Волынский сочинял свой проект на… кухне! Кубанец втащил на кухню два мешка. В каждом мешке — точно — было отмеряно по пуду зерна. Сообща они нагнали из одного пуда вина злого, хлебного. Из другого пуда намололи муки на ручном жернове. Кафтаны скинув, работали яростно. И потом из муки этой, фартуки повязав, испекли они хлебные караваи. Сложили все это добро на столе: светилась в бутыли водка хмельная, горой высились золотистые вкусные хлеба.

И, стол оглядев, почесался Волынский.

— Опыт сей, — рассудил он, — весьма и весьма показателен для нищеты нашей. Ну, Базиль, а теперь мне писать надо…

Хорошо писал. Могуче. Легко. У него был опыт жизни, опыт горький и сладкий — когда как Посол в странах восточных, губернатор земель Астраханских и Казанских, Волынский немало повидал на своем веку. И от тяжелого и стыдного глаз не отворачивал. Смолоду нищим был, теперь помещик богатый, ведал Артемий Петрович — чем и мужик живет. Полба да полова, квасы да капустки — не раз им едались. Писал Волынский проект свой наскоро. Летели вкось брызги чернильные. Листы отметал он в сторону, стремглав исписанные…

— Горячей, — приговаривал, — горячей писать надо, чтобы жалилось и жглось!

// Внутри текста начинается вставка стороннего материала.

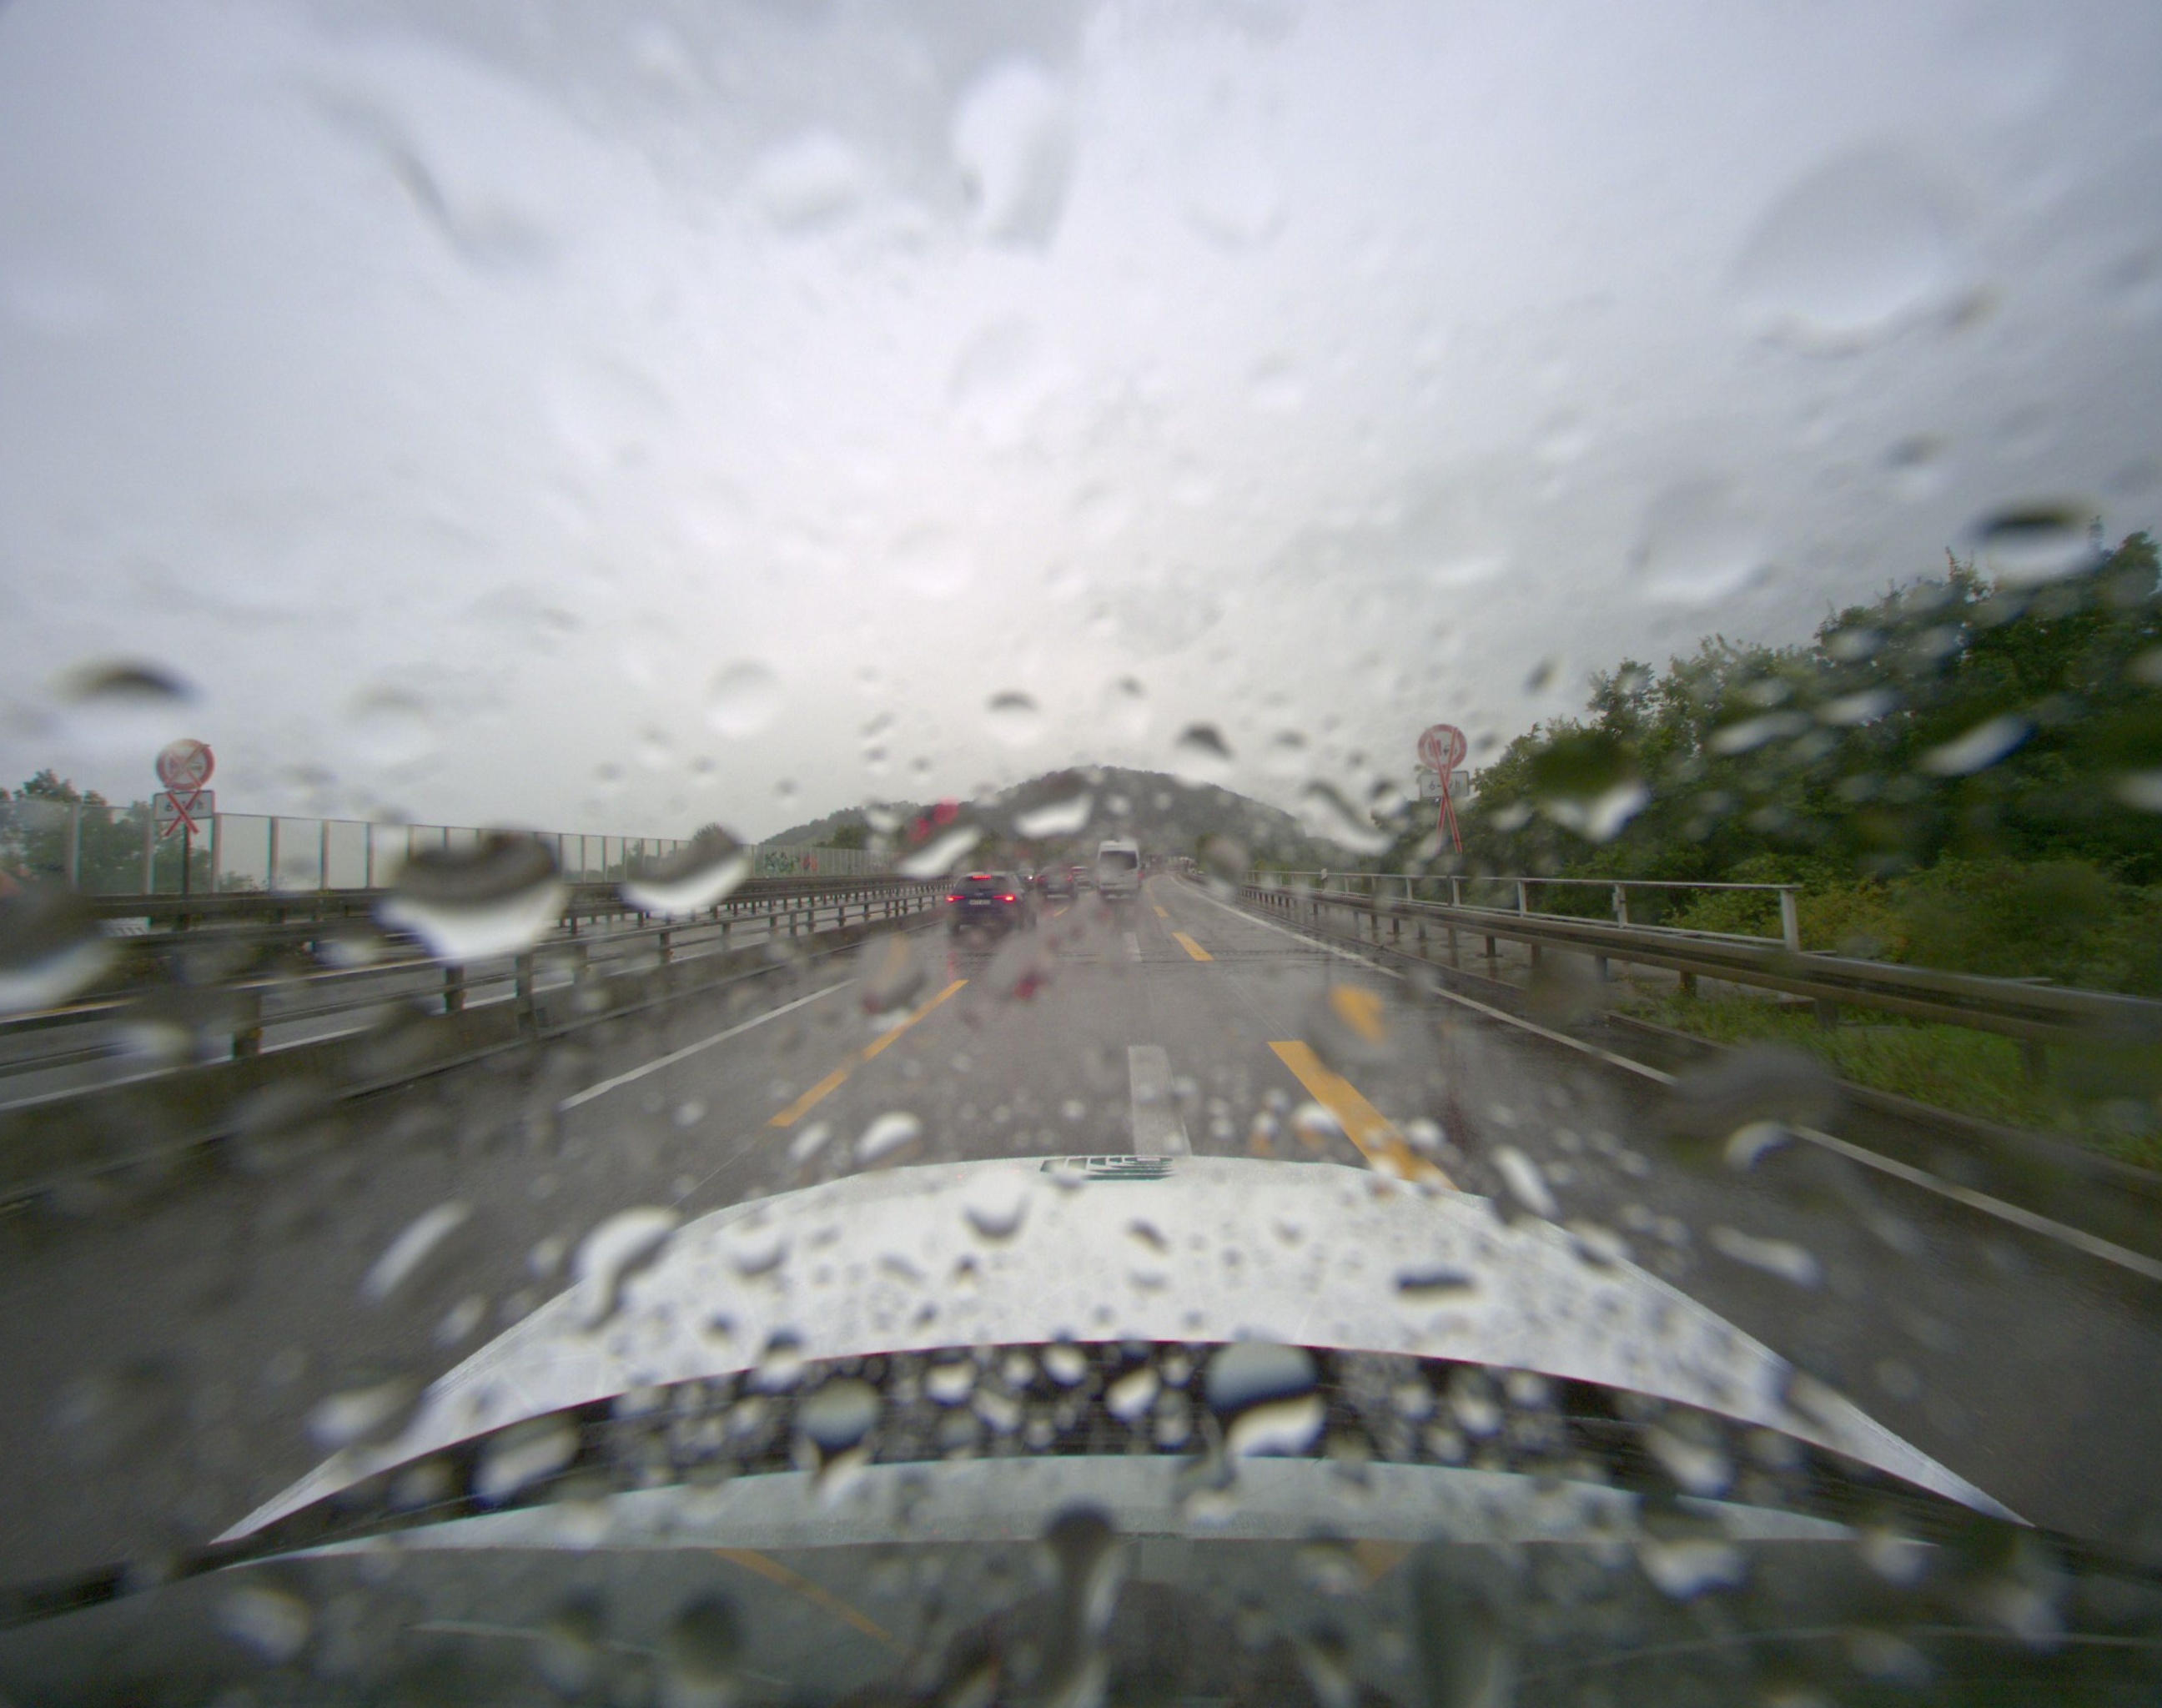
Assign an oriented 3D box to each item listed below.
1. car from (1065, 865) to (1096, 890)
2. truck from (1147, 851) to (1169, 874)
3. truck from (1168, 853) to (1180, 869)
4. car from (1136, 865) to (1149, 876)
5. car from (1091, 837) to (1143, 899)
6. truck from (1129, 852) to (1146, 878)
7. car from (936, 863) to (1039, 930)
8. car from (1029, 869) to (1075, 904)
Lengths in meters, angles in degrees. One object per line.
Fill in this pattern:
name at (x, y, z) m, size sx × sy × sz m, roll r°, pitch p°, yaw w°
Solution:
car at (-0.070, 1.616, 55.914) m, size 1.988 × 1.617 × 4.794 m, roll 0°, pitch -1°, yaw -1°
truck at (15.550, 1.750, 163.196) m, size 3.559 × 4.407 × 9.650 m, roll 0°, pitch -1°, yaw 10°
truck at (26.575, 2.132, 232.927) m, size 3.019 × 4.407 × 9.645 m, roll 0°, pitch -1°, yaw 8°
car at (9.024, 2.399, 119.288) m, size 1.765 × 1.475 × 4.005 m, roll 0°, pitch -1°, yaw 5°
car at (1.690, 0.635, 36.652) m, size 2.135 × 2.571 × 5.395 m, roll 0°, pitch -1°, yaw 4°
truck at (7.048, 1.390, 100.448) m, size 1.984 × 3.109 × 8.507 m, roll 0°, pitch -1°, yaw 4°
car at (-2.218, 0.995, 20.567) m, size 1.986 × 1.498 × 4.631 m, roll 0°, pitch -1°, yaw 1°
car at (-1.333, 1.506, 39.227) m, size 1.986 × 1.585 × 4.414 m, roll 0°, pitch -1°, yaw 1°
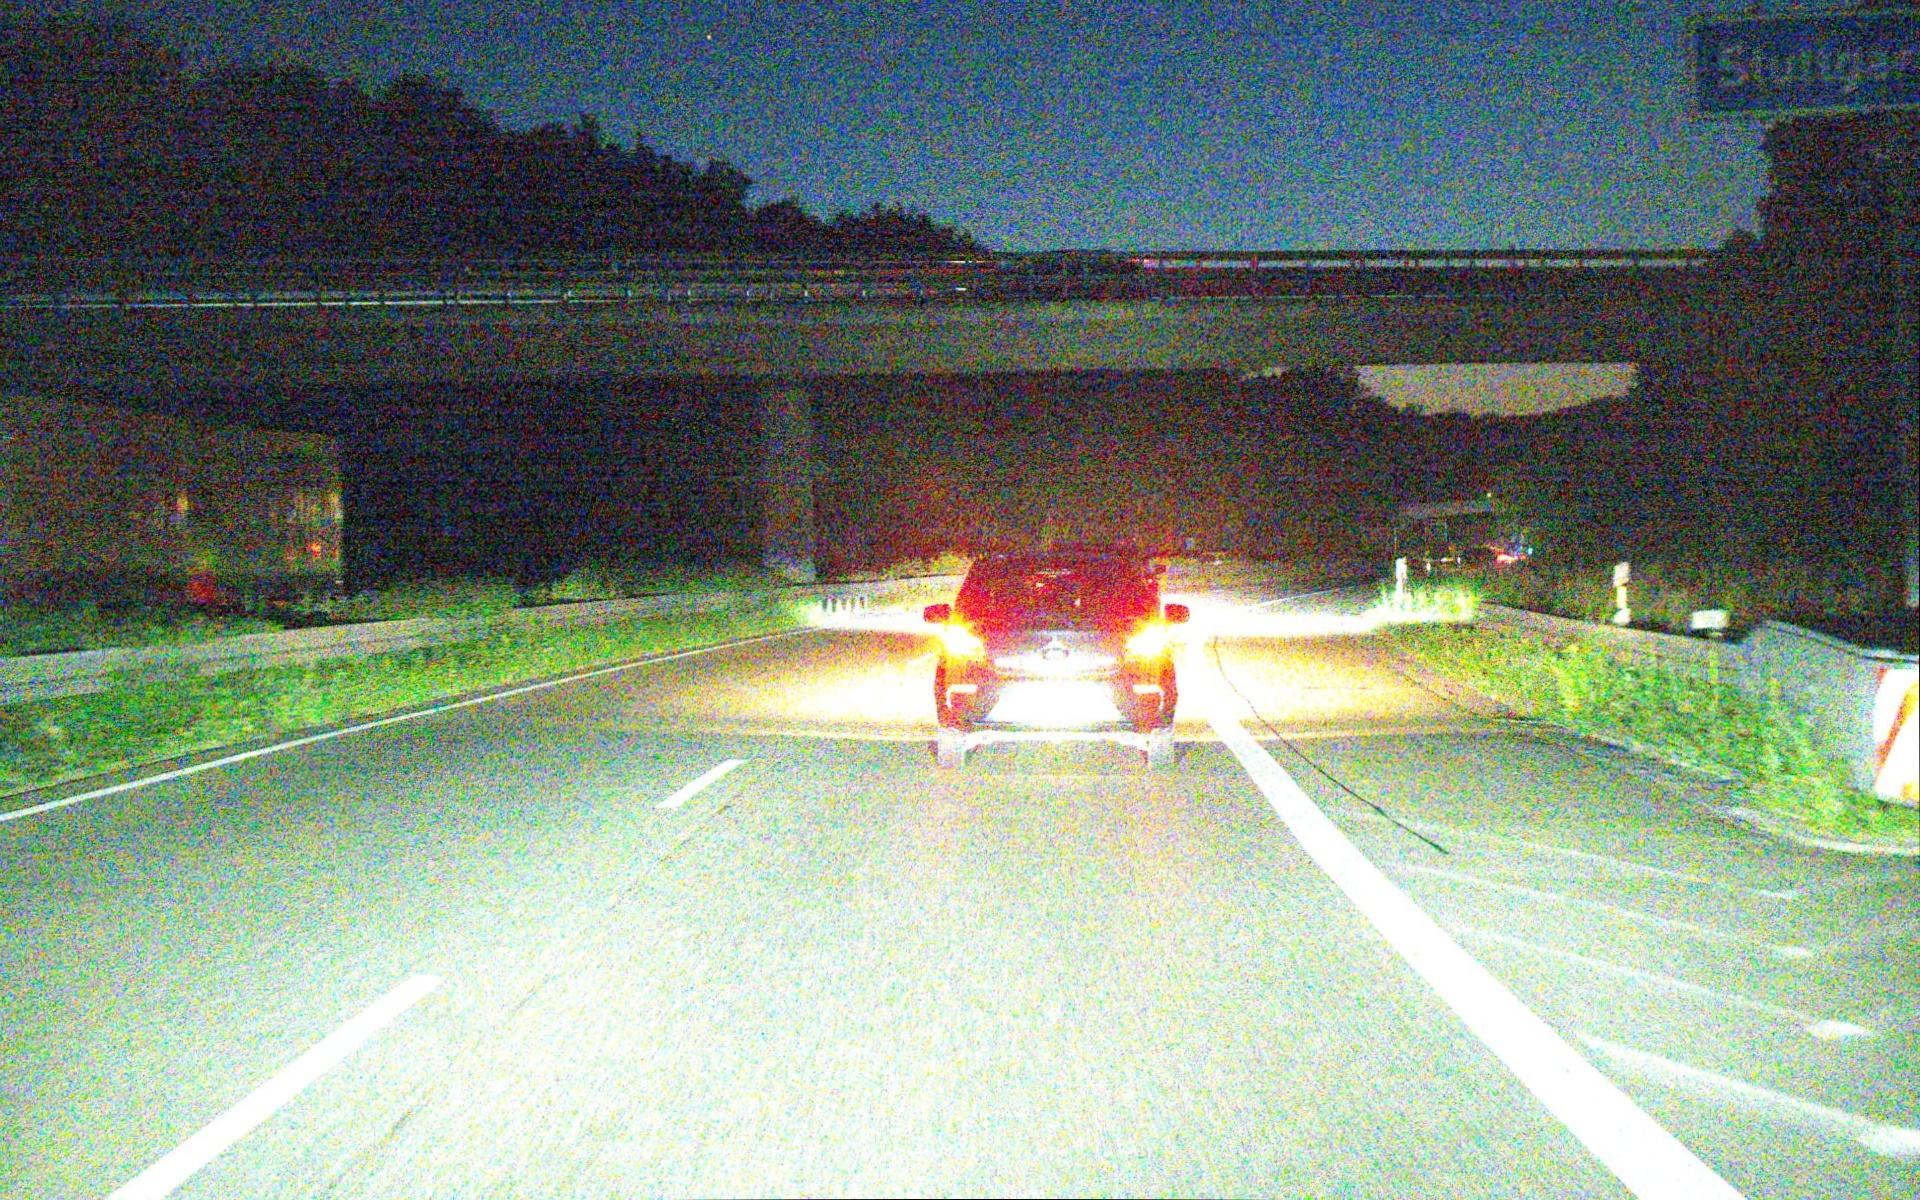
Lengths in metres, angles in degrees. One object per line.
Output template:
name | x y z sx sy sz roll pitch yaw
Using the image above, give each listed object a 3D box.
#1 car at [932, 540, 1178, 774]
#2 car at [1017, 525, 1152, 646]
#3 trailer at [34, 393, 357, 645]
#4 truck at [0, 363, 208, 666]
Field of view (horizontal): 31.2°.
car | 0.619 0.335 24.366 1.588 1.503 4.000 1 1 0
car | 1.880 -0.247 51.211 1.906 1.692 4.000 -1 1 3
trailer | -12.962 -1.382 59.207 2.718 3.943 9.046 -1 1 5
truck | -13.808 -1.194 49.451 2.681 4.030 10.652 -1 1 5
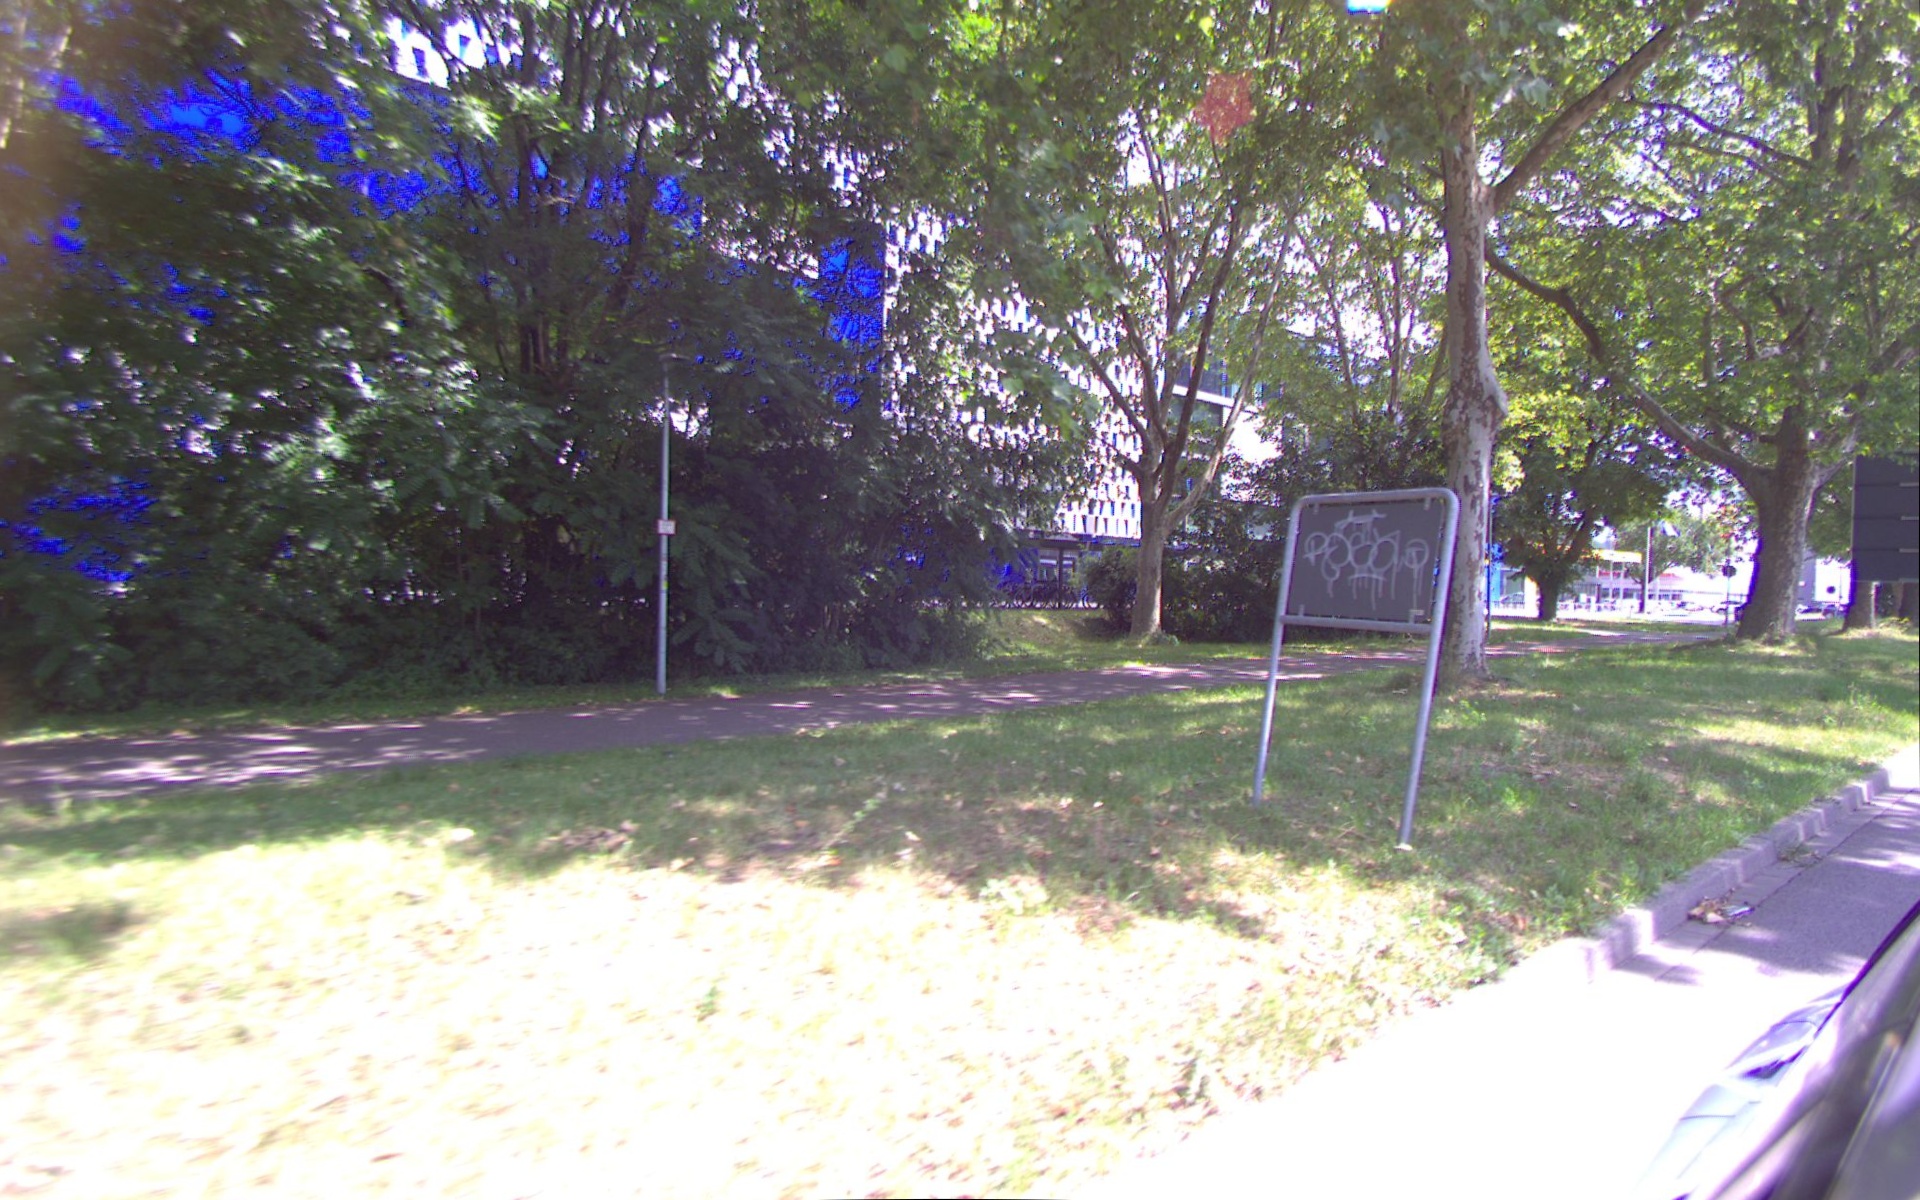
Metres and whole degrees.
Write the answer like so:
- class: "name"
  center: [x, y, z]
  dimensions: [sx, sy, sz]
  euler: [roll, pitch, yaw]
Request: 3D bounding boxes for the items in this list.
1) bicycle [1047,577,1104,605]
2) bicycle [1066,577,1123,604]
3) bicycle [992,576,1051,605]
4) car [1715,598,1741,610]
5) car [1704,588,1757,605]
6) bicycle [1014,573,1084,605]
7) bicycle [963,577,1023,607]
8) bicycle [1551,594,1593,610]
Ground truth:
- class: "bicycle"
  center: [4.240, -0.348, 37.274]
  dimensions: [0.854, 0.981, 2.062]
  euler: [1, 1, -42]
- class: "bicycle"
  center: [5.044, -0.356, 38.025]
  dimensions: [0.854, 0.981, 2.062]
  euler: [1, 1, -42]
- class: "bicycle"
  center: [2.164, -0.325, 35.666]
  dimensions: [0.854, 0.981, 2.062]
  euler: [1, 1, -42]
- class: "car"
  center: [117.170, 0.589, 154.405]
  dimensions: [4.436, 1.918, 1.999]
  euler: [0, 0, -37]
- class: "car"
  center: [79.653, -0.378, 104.663]
  dimensions: [1.965, 1.660, 4.077]
  euler: [0, 1, -40]
- class: "bicycle"
  center: [3.183, -0.408, 36.435]
  dimensions: [0.854, 1.131, 2.631]
  euler: [1, 1, -42]
- class: "bicycle"
  center: [1.118, -0.279, 34.540]
  dimensions: [0.854, 0.981, 2.062]
  euler: [1, 1, -42]
- class: "bicycle"
  center: [37.975, 0.126, 62.778]
  dimensions: [0.854, 0.981, 2.062]
  euler: [1, 1, -42]

Дабы проняло сирых разумом… Мне ли не знать нужд отечества, сердцу моему любезного?

Вот и день настал, для Волынского день великий, — оглашение сочиненных проектов. «Как Россию привесть в благосостояние?»… Подтянулся он, кафтан надел светло-гороховый, платок шейный подвзбил попышнее, выбрит был и напудрен… Красавец мужчина! Туфлей нарядной вступил через порог мечтаний своих — вступил в Кабинет ея императорского величества. Сидели там авторы проектов: сам Остерман, конечно; князь Александр Куракин, горький пьяница и человек характера злодейского; граф Михаила Головкин, сын покойного канцлера… Рядом с ними уселся и Волынский.

Куракин сразу же подлость ему придумал.

— А что, Артемий Петрович, — спрашивал. — Платки шейные туго ли вяжешь? Дабы заранее к петле притерпеться? Или… как?

— Постороннего плодить не пристало, князь, — отвечал Волынский угрюмо. — Собрались для дела важного, касаемо нужд отечества, погибающего в нищете. А шутки бабам-молодицам оставь.

— Александр Борисыч, — сказал вдруг Остерман князю Куракину, — ай-ай… нехорошо! К чему обижать патриота истинного?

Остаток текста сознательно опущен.